MATERIAL SHOWN section start

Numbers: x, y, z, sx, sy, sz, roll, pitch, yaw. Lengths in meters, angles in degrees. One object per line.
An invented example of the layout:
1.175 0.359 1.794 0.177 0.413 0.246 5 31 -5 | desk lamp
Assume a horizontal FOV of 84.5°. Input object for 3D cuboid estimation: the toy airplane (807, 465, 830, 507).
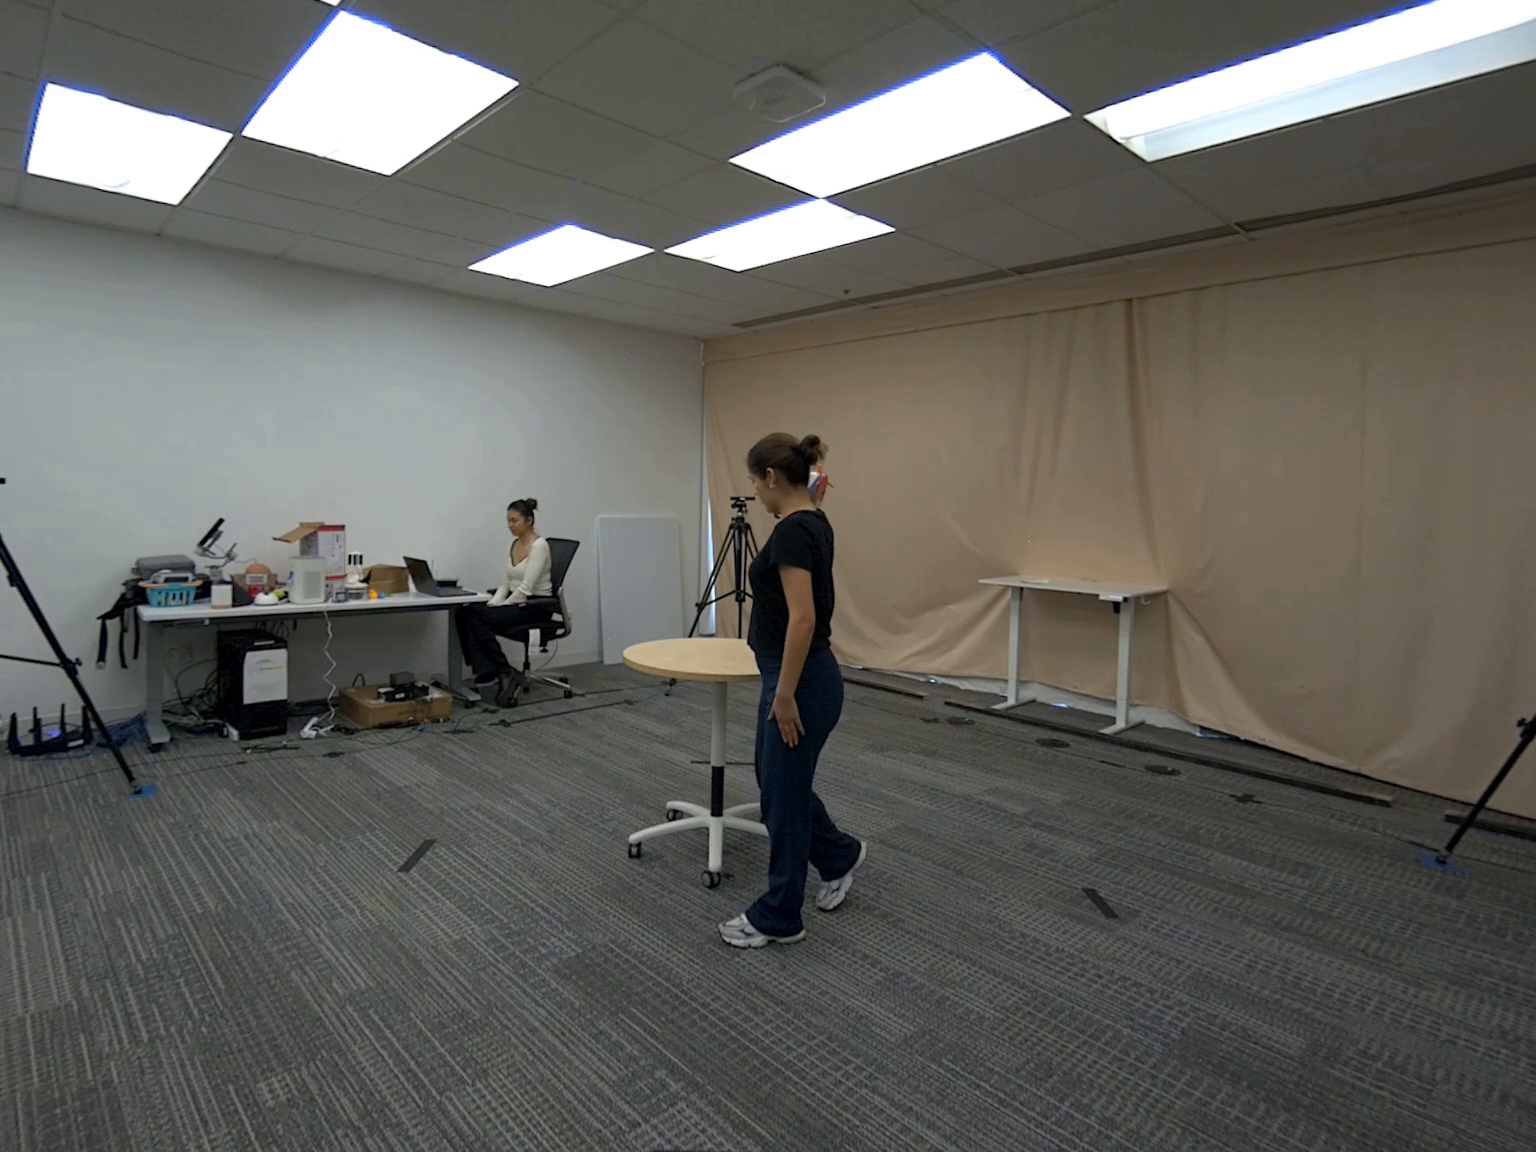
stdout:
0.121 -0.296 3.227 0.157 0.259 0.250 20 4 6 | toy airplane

MATERIAL SHOWN section end

● **HOW TO COMPLETE THIS TASK**
Count each line above that has the word "object" in it, and write down nothing but the total.

● **EXERCISE ANSWER**
2